I am currently trying to use this awesome query from Aaron's site:
select c3.client_id,(
SELECT AVG(1.0 * TimesTested ) median
FROM
(
SELECT o.TimesTested ,
rn = ROW_NUMBER() OVER (ORDER BY o.TimesTested ), c.c
FROM counted3 AS o
CROSS JOIN (SELECT c = COUNT(*) FROM counted3) AS c
where count>1
) AS x
WHERE rn IN ((c + 1)/2, (c + 2)/2)
) a
from counted3 c3
group by c3.client_id
unfortunately, as Richardthekiwi points out:
it's for a single median whereas this question is about a median
per-partition
i would like to know how i can join it on counted3 to get the median per partition?>
Note: If testFreq is an int or bigint type, you need to CAST it before taking an average, otherwise you'll get integer division, e.g. (2+5)/2 => 3 if 2 and 5 are the median records - e.g. AVG(Cast(testfreq as float)).

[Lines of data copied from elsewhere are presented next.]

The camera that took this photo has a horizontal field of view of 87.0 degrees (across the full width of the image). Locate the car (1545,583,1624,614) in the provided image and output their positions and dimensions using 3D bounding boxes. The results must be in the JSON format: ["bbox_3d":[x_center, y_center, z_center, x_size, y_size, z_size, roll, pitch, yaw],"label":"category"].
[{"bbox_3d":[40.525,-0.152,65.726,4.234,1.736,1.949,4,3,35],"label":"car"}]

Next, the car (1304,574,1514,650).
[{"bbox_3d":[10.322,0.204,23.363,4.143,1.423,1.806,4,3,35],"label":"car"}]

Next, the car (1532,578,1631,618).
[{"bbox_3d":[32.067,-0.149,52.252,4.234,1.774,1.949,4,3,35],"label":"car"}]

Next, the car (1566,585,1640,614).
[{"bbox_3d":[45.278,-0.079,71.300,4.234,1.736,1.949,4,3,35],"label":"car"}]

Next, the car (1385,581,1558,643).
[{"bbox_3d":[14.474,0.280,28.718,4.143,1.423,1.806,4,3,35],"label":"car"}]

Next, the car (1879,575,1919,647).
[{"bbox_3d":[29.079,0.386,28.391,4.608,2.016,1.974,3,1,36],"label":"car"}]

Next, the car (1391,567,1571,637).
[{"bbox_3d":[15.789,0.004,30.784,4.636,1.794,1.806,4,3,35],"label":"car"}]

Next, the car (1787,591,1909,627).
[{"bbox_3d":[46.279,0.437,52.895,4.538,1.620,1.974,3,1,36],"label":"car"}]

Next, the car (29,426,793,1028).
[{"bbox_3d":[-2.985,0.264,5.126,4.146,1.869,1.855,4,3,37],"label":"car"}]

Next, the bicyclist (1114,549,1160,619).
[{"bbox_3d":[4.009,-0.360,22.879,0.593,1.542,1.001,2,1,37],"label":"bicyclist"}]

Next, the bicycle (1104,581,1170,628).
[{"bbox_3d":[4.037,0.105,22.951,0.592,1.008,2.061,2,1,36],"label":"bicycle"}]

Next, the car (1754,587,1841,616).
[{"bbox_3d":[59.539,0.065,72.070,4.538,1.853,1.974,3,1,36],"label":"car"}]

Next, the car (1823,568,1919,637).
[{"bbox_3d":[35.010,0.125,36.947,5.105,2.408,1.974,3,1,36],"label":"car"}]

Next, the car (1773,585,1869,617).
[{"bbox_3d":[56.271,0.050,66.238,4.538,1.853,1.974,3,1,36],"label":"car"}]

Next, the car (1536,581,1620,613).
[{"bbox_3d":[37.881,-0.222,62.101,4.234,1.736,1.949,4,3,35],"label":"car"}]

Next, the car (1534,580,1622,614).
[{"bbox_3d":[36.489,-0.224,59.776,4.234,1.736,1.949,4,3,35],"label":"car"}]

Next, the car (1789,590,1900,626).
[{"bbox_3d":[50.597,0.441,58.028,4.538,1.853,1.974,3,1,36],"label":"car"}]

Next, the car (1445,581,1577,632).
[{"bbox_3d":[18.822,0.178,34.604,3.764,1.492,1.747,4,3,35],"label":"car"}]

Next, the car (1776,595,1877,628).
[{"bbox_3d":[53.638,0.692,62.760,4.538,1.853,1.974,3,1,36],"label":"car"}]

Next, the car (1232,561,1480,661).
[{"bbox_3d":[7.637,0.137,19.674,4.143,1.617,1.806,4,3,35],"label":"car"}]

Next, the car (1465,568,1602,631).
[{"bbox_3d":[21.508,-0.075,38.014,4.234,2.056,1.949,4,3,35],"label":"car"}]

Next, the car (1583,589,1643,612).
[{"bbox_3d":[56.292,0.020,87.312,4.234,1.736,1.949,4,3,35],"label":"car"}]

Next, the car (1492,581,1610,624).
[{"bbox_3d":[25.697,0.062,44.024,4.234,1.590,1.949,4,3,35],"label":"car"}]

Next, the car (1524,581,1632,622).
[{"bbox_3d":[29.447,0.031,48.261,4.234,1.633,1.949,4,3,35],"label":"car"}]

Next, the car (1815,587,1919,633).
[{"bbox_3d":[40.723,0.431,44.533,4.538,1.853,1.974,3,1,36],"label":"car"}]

select client_id, avg(testfreq) median_testfreq
from
(
select client_id,
testfreq,
rn=row_number() over (partition by CLIENT_ID
order by testfreq),
c=count(testfreq) over (partition by CLIENT_ID)
from tbk
where timestested>1
) g
where rn in (round(c/2,0),c/2+1)
group by client_id;
The median is found either as the central record in an ODD number of rows, or the average of the two central records in an EVEN number of rows. This is handled by the condition rn in (round(c/2,0),c/2+1) which picks either the one or two records required.
try this:
select client_id,
(
SELECT
(
(SELECT MAX(testfreq) FROM
(SELECT TOP 50 PERCENT t.testfreq
FROM counted3 t
where t.timestested>1
and c3.CLIENT_ID=t.CLIENT_ID
ORDER BY t.testfreq) AS BottomHalf)
+
(SELECT MIN(testfreq) FROM
(SELECT TOP 50 PERCENT t.testfreq
FROM counted3 t
where t.timestested>1
and c3.CLIENT_ID=t.CLIENT_ID
ORDER BY t.testfreq DESC) AS TopHalf)
) / 2 AS Median
) TotalAvgTestFreq
from counted3 c3
group by client_id
I added the c3 alias to the outer CLIENT_ID references and the outer table.